Il y a déjà quelques années, une question habitait le cœur de notre frère Hubert, alors qu’il préparait une homélie commentant le passage de l’évangile de Jean où Nicodème interroge Jésus : « Un homme âgé peut-il retourner dans le sein de sa mère et naître de nouveau ? » Naître, qu’est-ce que c’est en fin de compte ?
Bien sûr, ce serait prétentieux de ma part de vous affirmer que, finalement, j’ai la réponse. Non, évidemment. Comment pourrais-je oser prétendre connaître la réponse ? Mais au moins, j’ai la question. C’est déjà ça, me direz-vous … Disons que c’est un bon début.
Car on pourrait tourner les choses autrement.
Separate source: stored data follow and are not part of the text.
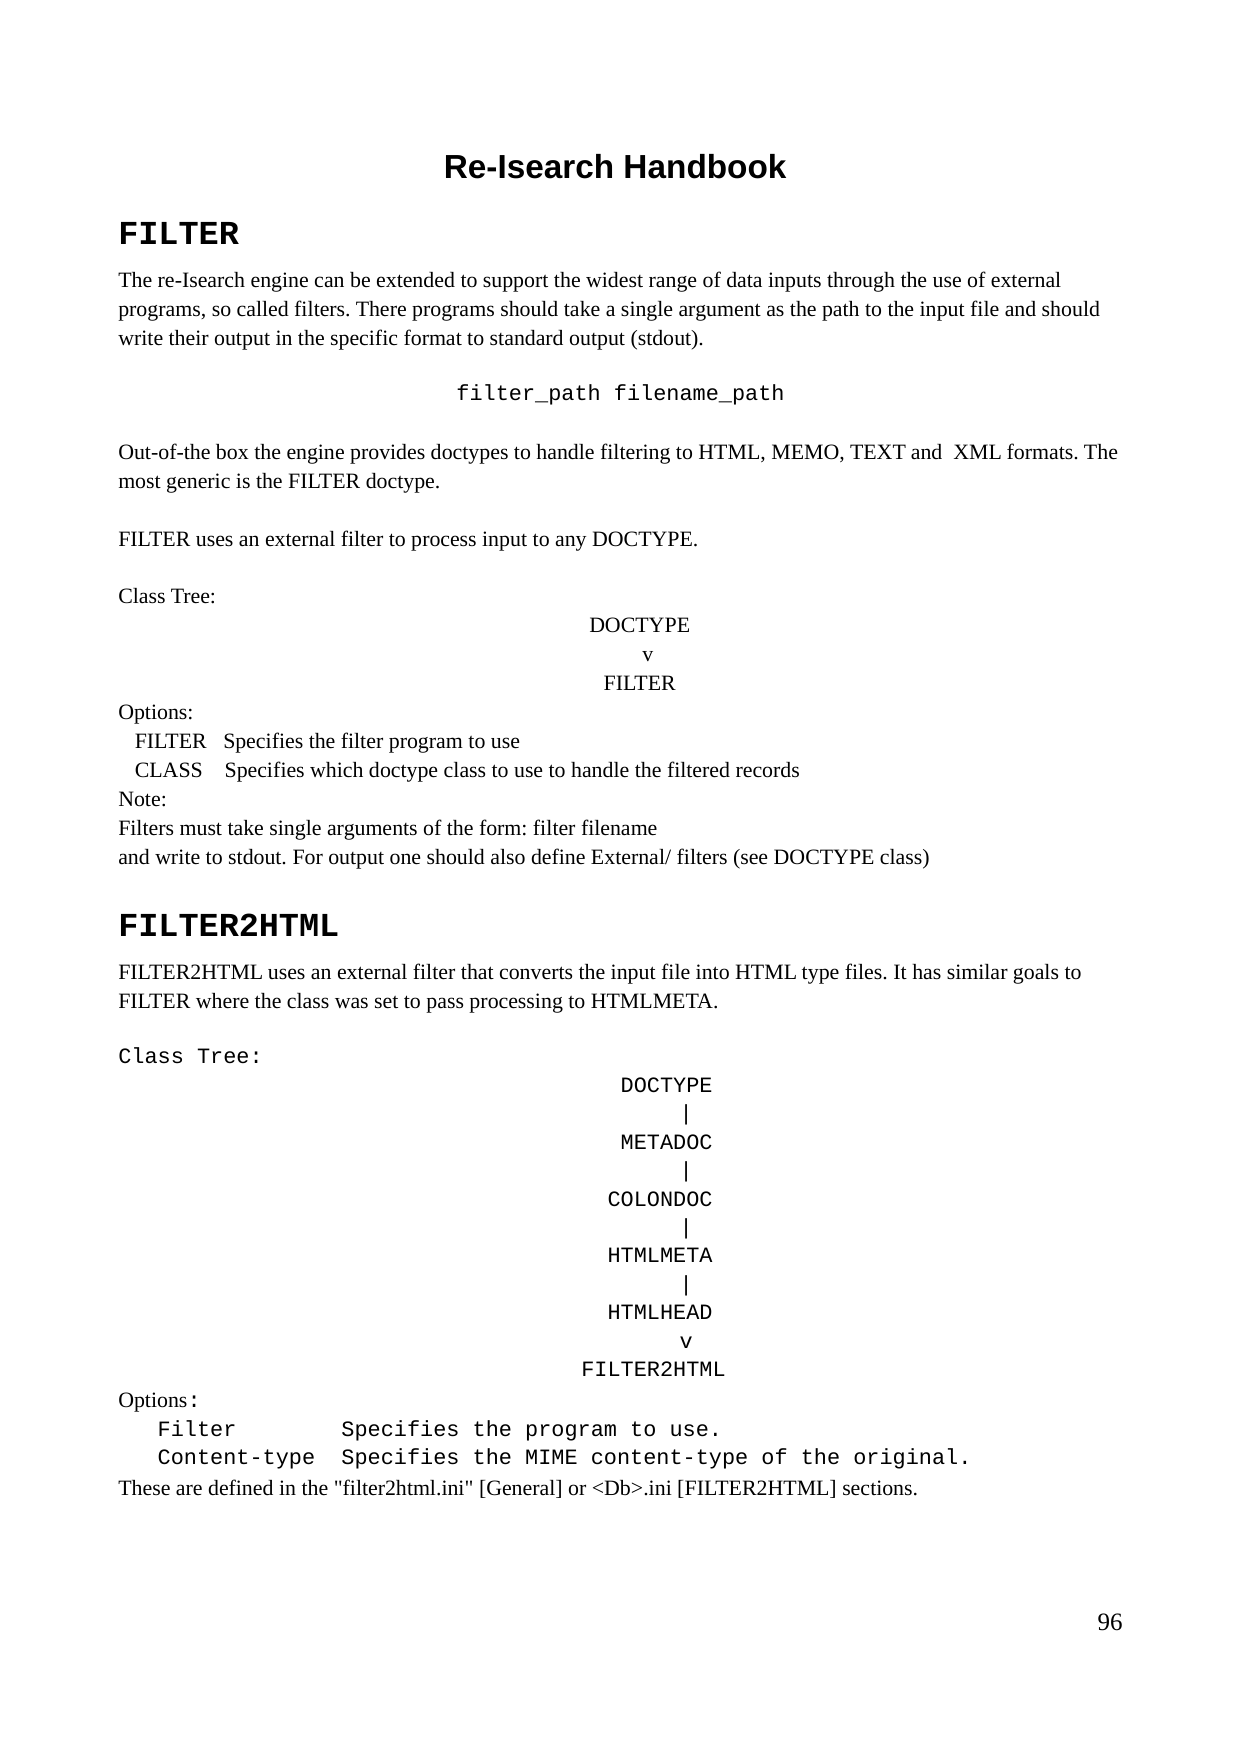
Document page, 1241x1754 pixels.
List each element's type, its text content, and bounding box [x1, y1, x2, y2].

text CLASS Specifies which doctype class to use to handle the filtered records [118, 757, 1122, 782]
subtitle FILTER2HTML [118, 908, 1122, 947]
text | [118, 1273, 1122, 1298]
text DOCTYPE [118, 1074, 1122, 1099]
text COLONDOC [118, 1188, 1122, 1212]
text Class Tree: [118, 583, 1122, 608]
text | [118, 1159, 1122, 1184]
text FILTER2HTML uses an external filter that converts the input file into HTML type files. It has similar goals to FILTER where the class was set to pass processing to HTMLMETA. [118, 959, 1122, 1013]
text FILTER [118, 670, 1122, 695]
text | [118, 1102, 1122, 1127]
text v [118, 1330, 1122, 1355]
text Note: [118, 786, 1122, 811]
text | [118, 1216, 1122, 1241]
text DOCTYPE [118, 612, 1122, 637]
text Out-of-the box the engine provides doctypes to handle filtering to HTML, MEMO, TEXT and XML formats. The most generic is the FILTER doctype. [118, 439, 1122, 493]
text v [118, 641, 1122, 666]
text Options: [118, 699, 1122, 724]
text FILTER Specifies the filter program to use [118, 728, 1122, 753]
text and write to stdout. For output one should also define External/ filters (see DOCTYPE class) [118, 844, 1122, 869]
text FILTER uses an external filter to process input to any DOCTYPE. [118, 526, 1122, 551]
text Filters must take single arguments of the form: filter filename [118, 815, 1122, 840]
text FILTER2HTML [118, 1358, 1122, 1383]
text METADOC [118, 1131, 1122, 1156]
text The re-Isearch engine can be extended to support the widest range of data inputs through the use of external programs, so called filters. There programs should take a single argument as the path to the input file and should write their output in the specific format to standard output (stdout). [118, 267, 1122, 350]
text Filter Specifies the program to use. [118, 1418, 1122, 1442]
text filter_path filename_path [118, 382, 1122, 407]
text These are defined in the "filter2html.ini" [General] or <Db>.ini [FILTER2HTML] sections. [118, 1474, 1122, 1500]
subtitle FILTER [118, 216, 1122, 254]
text Options: [118, 1387, 1122, 1414]
text HTMLMETA [118, 1244, 1122, 1269]
text Class Tree: [118, 1046, 1122, 1070]
text HTMLHEAD [118, 1301, 1122, 1326]
text Content-type Specifies the MIME content-type of the original. [118, 1446, 1122, 1471]
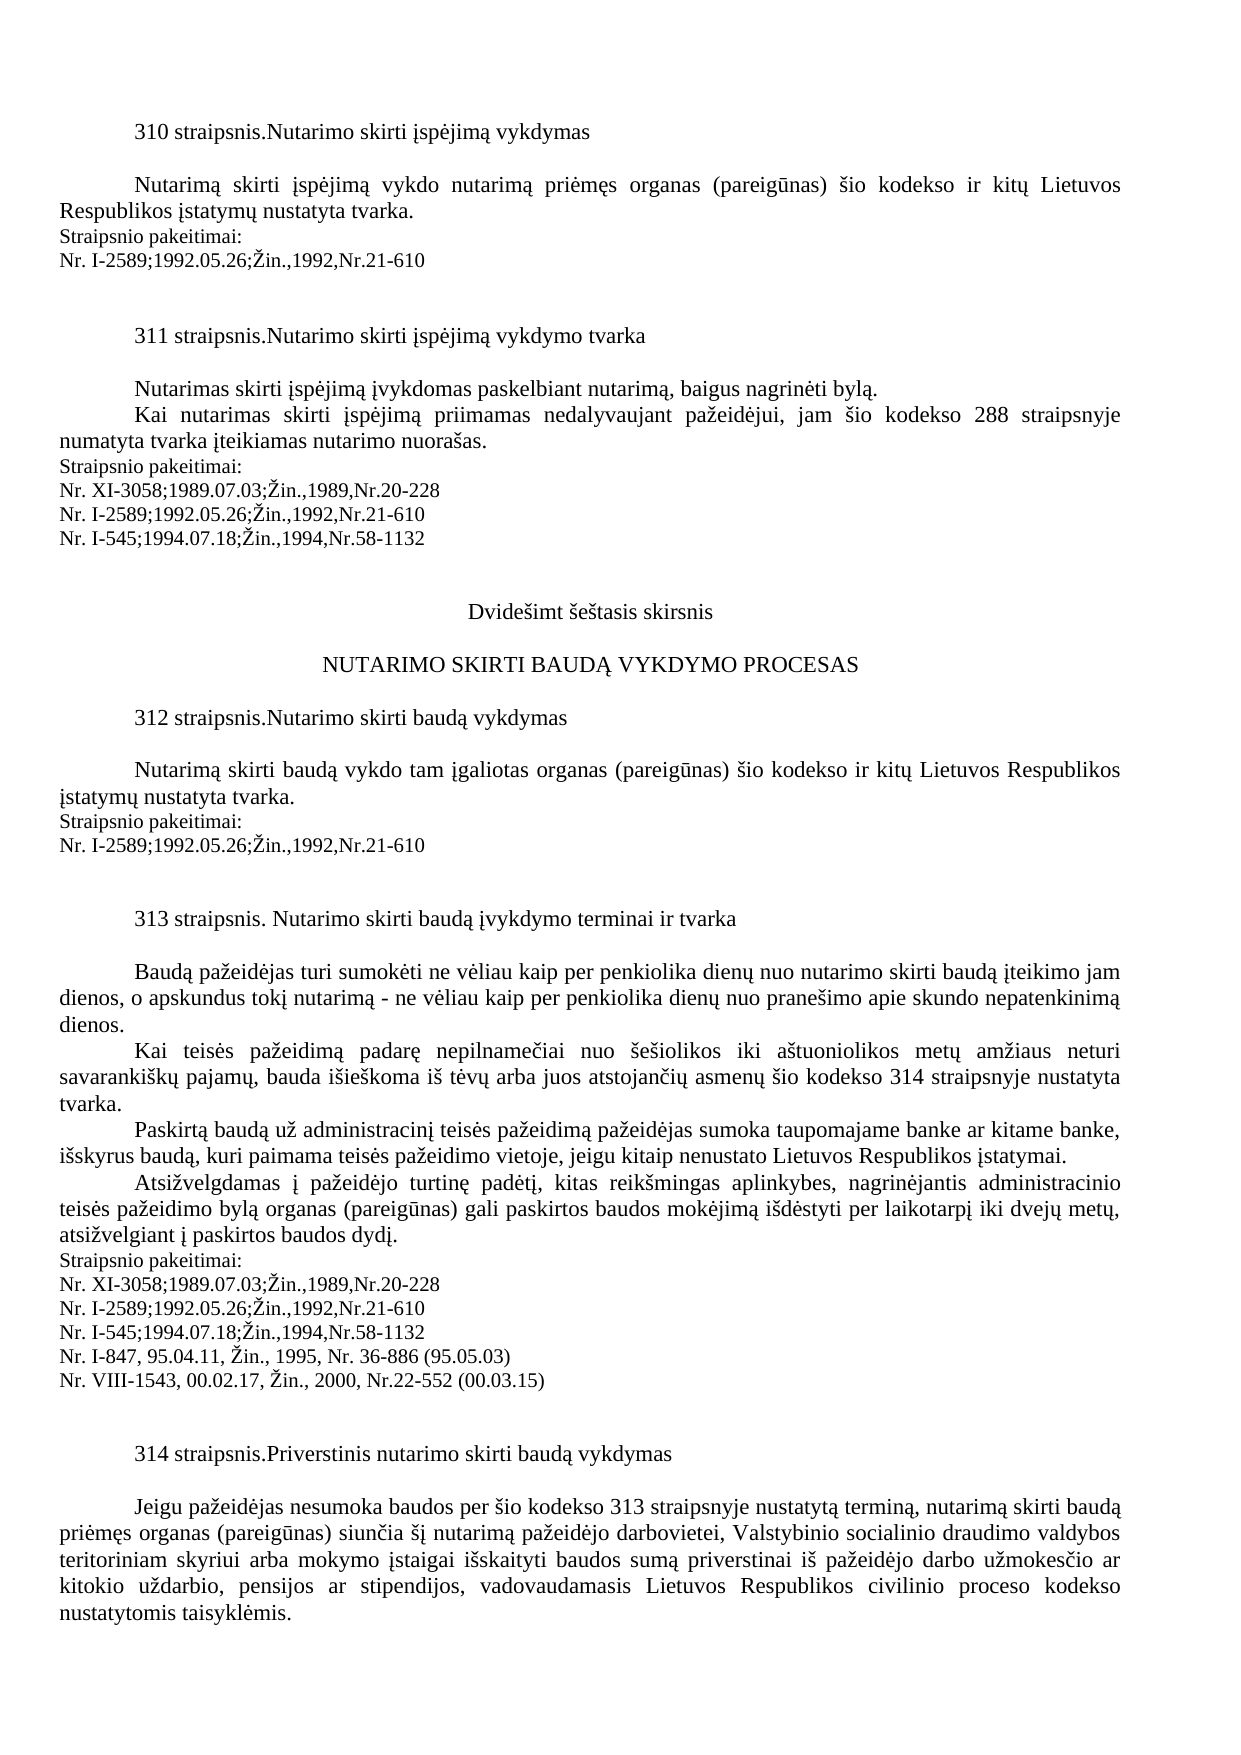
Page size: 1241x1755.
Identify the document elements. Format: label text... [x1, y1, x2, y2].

text NUTARIMO SKIRTI BAUDĄ VYKDYMO PROCESAS [59, 651, 1122, 677]
text Baudą pažeidėjas turi sumokėti ne vėliau kaip per penkiolika dienų nuo nutarimo skirti baudą įteikimo jam dienos, o apskundus tokį nutarimą - ne vėliau kaip per penkiolika dienų nuo pranešimo apie skundo nepatenkinimą dienos. [59, 958, 1122, 1037]
text Straipsnio pakeitimai: [59, 809, 1122, 833]
text Nutarimą skirti baudą vykdo tam įgaliotas organas (pareigūnas) šio kodekso ir kitų Lietuvos Respublikos įstatymų nustatyta tvarka. [59, 756, 1122, 809]
text Dvidešimt šeštasis skirsnis [59, 598, 1122, 624]
text Nr. I-2589;1992.05.26;Žin.,1992,Nr.21-610 [59, 502, 1122, 526]
text 314 straipsnis.Priverstinis nutarimo skirti baudą vykdymas [59, 1440, 1122, 1467]
text Nutarimą skirti įspėjimą vykdo nutarimą priėmęs organas (pareigūnas) šio kodekso ir kitų Lietuvos Respublikos įstatymų nustatyta tvarka. [59, 171, 1122, 223]
text Straipsnio pakeitimai: [59, 454, 1122, 478]
text 313 straipsnis. Nutarimo skirti baudą įvykdymo terminai ir tvarka [59, 905, 1122, 932]
text Kai nutarimas skirti įspėjimą priimamas nedalyvaujant pažeidėjui, jam šio kodekso 288 straipsnyje numatyta tvarka įteikiamas nutarimo nuorašas. [59, 401, 1122, 454]
text Nutarimas skirti įspėjimą įvykdomas paskelbiant nutarimą, baigus nagrinėti bylą. [59, 375, 1122, 401]
text Straipsnio pakeitimai: [59, 223, 1122, 248]
text Nr. I-2589;1992.05.26;Žin.,1992,Nr.21-610 [59, 1296, 1122, 1320]
text Atsižvelgdamas į pažeidėjo turtinę padėtį, kitas reikšmingas aplinkybes, nagrinėjantis administracinio teisės pažeidimo bylą organas (pareigūnas) gali paskirtos baudos mokėjimą išdėstyti per laikotarpį iki dvejų metų, atsižvelgiant į paskirtos baudos dydį. [59, 1169, 1122, 1248]
text Nr. XI-3058;1989.07.03;Žin.,1989,Nr.20-228 [59, 478, 1122, 502]
text Nr. I-545;1994.07.18;Žin.,1994,Nr.58-1132 [59, 526, 1122, 550]
text 312 straipsnis.Nutarimo skirti baudą vykdymas [59, 704, 1122, 730]
text Kai teisės pažeidimą padarę nepilnamečiai nuo šešiolikos iki aštuoniolikos metų amžiaus neturi savarankiškų pajamų, bauda išieškoma iš tėvų arba juos atstojančių asmenų šio kodekso 314 straipsnyje nustatyta tvarka. [59, 1037, 1122, 1116]
text Nr. VIII-1543, 00.02.17, Žin., 2000, Nr.22-552 (00.03.15) [59, 1368, 1122, 1392]
text 311 straipsnis.Nutarimo skirti įspėjimą vykdymo tvarka [59, 322, 1122, 348]
text Nr. I-545;1994.07.18;Žin.,1994,Nr.58-1132 [59, 1320, 1122, 1344]
text Nr. I-847, 95.04.11, Žin., 1995, Nr. 36-886 (95.05.03) [59, 1344, 1122, 1368]
text Jeigu pažeidėjas nesumoka baudos per šio kodekso 313 straipsnyje nustatytą terminą, nutarimą skirti baudą priėmęs organas (pareigūnas) siunčia šį nutarimą pažeidėjo darbovietei, Valstybinio socialinio draudimo valdybos teritoriniam skyriui arba mokymo įstaigai išskaityti baudos sumą priverstinai iš pažeidėjo darbo užmokesčio ar kitokio uždarbio, pensijos ar stipendijos, vadovaudamasis Lietuvos Respublikos civilinio proceso kodekso nustatytomis taisyklėmis. [59, 1493, 1122, 1625]
text Nr. I-2589;1992.05.26;Žin.,1992,Nr.21-610 [59, 833, 1122, 857]
text 310 straipsnis.Nutarimo skirti įspėjimą vykdymas [59, 118, 1122, 144]
text Nr. I-2589;1992.05.26;Žin.,1992,Nr.21-610 [59, 248, 1122, 272]
text Straipsnio pakeitimai: [59, 1248, 1122, 1272]
text Nr. XI-3058;1989.07.03;Žin.,1989,Nr.20-228 [59, 1272, 1122, 1296]
text Paskirtą baudą už administracinį teisės pažeidimą pažeidėjas sumoka taupomajame banke ar kitame banke, išskyrus baudą, kuri paimama teisės pažeidimo vietoje, jeigu kitaip nenustato Lietuvos Respublikos įstatymai. [59, 1116, 1122, 1169]

Peut-être que la naissance, c’est précisément quand on accepte de se risquer dans le pays des questions, et de s’éloigner quelque peu de l’univers des réponses. L’enfant qui s’ouvre à la vie est plein de questions. C’est tellement vrai que cela va même caractériser une phase de son développement : Comment va votre fils ? Oh, il est à l’âge du « pourquoi ? »…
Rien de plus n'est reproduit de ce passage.